Can I live my life yet

I’m wanting to drop out of college, and if you know me you’d be shocked as I adore education. I love to learn. But I have no motivation or want to be there. I just want to sit at home and paint. That’s all. I’m so bored and unsatisfied with life right now. I just want to have a plan and goals that I’m reaching for. I’m done with gathering info and education and grades. I just want to be living and happy.
why do we spend such a long time in life prepping ourselves for something we are already living?
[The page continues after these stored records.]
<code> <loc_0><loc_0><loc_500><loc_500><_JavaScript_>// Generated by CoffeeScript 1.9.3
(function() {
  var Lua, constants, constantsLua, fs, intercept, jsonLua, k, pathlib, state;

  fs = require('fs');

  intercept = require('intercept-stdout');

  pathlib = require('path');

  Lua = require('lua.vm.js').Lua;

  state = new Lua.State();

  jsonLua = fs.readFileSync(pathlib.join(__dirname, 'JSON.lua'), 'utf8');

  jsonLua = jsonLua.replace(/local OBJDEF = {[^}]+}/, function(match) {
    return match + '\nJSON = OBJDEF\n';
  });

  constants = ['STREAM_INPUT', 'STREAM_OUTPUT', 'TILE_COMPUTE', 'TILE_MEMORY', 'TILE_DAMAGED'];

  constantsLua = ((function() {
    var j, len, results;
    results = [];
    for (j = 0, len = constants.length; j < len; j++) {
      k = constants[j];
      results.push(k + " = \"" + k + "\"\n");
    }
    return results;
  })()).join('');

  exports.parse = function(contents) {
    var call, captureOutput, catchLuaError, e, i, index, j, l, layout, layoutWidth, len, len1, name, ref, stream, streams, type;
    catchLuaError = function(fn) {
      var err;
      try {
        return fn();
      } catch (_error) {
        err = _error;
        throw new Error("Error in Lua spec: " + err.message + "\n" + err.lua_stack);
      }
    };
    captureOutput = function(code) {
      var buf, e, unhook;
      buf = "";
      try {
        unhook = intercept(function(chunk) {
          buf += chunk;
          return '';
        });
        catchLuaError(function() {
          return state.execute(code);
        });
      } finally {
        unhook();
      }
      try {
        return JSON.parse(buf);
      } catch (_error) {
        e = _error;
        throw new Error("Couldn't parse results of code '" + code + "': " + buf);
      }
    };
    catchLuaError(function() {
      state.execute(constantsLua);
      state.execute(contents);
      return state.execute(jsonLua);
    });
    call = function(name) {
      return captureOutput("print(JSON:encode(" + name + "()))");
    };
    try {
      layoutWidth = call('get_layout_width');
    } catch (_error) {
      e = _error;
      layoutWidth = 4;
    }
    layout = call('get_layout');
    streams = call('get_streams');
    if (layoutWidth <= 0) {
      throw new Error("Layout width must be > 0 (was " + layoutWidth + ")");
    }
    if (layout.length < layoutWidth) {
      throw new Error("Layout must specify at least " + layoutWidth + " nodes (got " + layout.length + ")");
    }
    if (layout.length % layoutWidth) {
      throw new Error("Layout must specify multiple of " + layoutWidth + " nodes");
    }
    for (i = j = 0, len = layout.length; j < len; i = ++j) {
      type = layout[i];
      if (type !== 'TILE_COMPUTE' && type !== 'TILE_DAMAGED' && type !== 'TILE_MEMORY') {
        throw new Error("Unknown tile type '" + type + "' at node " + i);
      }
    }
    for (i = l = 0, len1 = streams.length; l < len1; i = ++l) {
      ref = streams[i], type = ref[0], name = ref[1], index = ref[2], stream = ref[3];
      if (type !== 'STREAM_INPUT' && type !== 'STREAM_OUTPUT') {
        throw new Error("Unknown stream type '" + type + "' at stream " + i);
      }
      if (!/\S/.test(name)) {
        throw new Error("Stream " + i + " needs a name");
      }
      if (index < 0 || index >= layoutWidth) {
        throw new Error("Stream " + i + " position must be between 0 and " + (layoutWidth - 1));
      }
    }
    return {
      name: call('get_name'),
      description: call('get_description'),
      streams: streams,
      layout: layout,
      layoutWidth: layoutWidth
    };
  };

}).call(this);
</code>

I just think so many things that we are told are stupid. I think the rote we are given in life is stupid. I think life and everyone’s ideas of what the perfect life is, is stupid. Because if I say “perfect life” you think good job, and what defines a good job? well the answer is normally money first and then something that makes you happy. Well… what the actual fuck. Then let me say? how many good jobs are easy to get? think about how much pain and fucking sadness you’ve got to put yourself through to get there. so let me ask you this, you’re fine with going through pain and sadness and stress, to wait.. to be happy? because your idea of a perfect job, perfect life will.. make you happy?
well I’m sorry to say, but you’re going to learn this the hard way. Life will never be perfect, you will never be perfect. perfect job doesn’t exist, It doesn’t actually matter if you are smart or have good grades, because A* students kill themselves too.
Shit is going to go wrong and you are going to fuck up. So learn fast what makes you happy and what you actually want. and who the fuck you are. because you’re not going to learn them things while you are so dead set on trying to prove yourself.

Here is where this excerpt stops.